- [ABOUT THIS TASK] Print, exactly as they appear in the listing below, the lines from the line with "- van (713,457,849,533)" to the line with "- van (864,458,1050,553)", with both end lines kept.

*** Block opens ***

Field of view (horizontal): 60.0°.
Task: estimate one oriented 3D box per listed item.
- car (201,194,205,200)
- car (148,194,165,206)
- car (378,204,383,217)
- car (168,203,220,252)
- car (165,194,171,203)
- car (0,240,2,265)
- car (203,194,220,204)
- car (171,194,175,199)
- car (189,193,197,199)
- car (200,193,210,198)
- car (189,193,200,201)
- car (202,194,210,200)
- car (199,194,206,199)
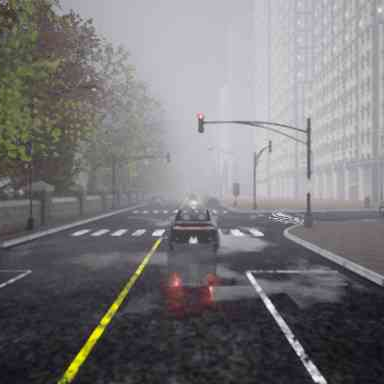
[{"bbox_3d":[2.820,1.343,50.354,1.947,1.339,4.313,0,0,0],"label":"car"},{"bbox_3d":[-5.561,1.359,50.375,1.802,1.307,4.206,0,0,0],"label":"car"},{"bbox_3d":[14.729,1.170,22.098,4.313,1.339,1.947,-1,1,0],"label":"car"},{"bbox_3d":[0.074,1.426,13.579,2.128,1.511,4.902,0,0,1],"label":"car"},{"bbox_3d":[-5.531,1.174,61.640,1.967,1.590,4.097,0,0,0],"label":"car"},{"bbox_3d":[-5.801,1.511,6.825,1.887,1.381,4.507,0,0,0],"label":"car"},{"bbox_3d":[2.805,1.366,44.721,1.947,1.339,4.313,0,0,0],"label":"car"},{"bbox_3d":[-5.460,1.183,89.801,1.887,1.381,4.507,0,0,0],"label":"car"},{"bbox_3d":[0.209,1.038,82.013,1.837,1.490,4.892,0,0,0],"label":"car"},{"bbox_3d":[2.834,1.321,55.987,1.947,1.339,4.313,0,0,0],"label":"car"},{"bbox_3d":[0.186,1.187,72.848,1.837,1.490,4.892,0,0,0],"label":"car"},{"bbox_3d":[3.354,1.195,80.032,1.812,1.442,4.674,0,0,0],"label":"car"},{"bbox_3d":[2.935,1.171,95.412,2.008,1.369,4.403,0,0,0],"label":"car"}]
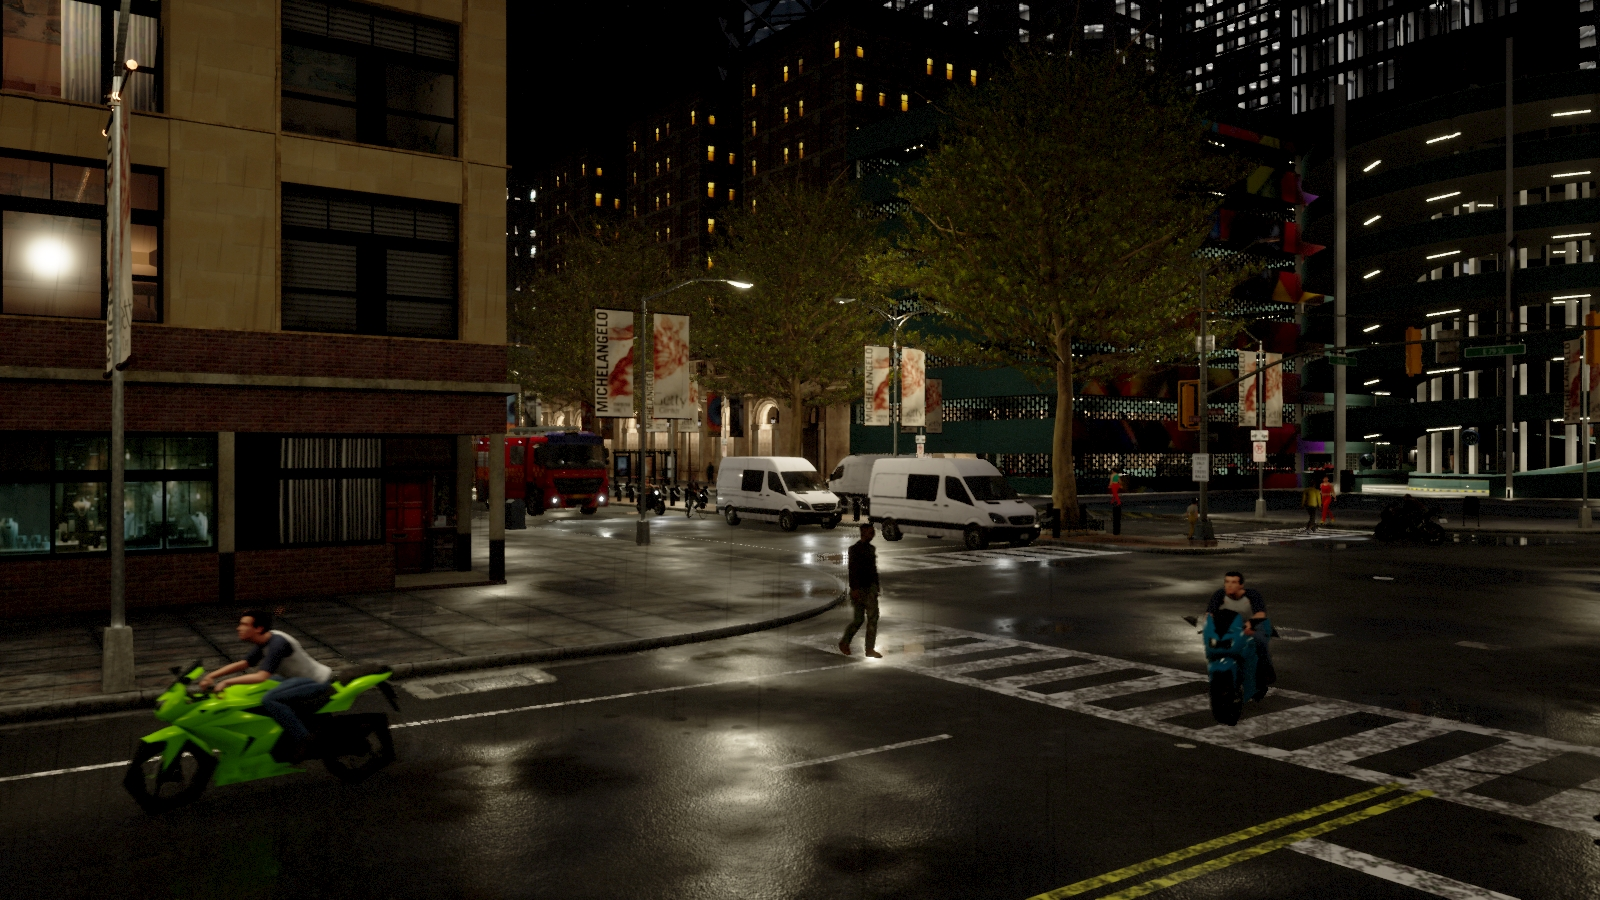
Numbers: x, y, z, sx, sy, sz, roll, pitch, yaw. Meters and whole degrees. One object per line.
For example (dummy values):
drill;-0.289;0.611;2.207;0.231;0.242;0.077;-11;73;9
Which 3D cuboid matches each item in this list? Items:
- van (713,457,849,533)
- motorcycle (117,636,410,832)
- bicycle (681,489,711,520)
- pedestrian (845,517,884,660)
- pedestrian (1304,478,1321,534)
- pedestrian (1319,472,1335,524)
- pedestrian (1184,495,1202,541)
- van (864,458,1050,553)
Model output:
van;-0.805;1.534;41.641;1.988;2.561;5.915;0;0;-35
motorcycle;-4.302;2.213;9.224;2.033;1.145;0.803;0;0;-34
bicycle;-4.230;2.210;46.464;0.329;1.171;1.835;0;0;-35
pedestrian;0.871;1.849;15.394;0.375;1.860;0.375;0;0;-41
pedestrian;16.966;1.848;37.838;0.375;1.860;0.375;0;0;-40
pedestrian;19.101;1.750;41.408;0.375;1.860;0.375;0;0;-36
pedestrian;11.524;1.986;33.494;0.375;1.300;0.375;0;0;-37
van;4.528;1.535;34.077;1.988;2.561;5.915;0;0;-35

*** Block closes ***

- [YOUR RESPONSE]
- van (713,457,849,533)
- motorcycle (117,636,410,832)
- bicycle (681,489,711,520)
- pedestrian (845,517,884,660)
- pedestrian (1304,478,1321,534)
- pedestrian (1319,472,1335,524)
- pedestrian (1184,495,1202,541)
- van (864,458,1050,553)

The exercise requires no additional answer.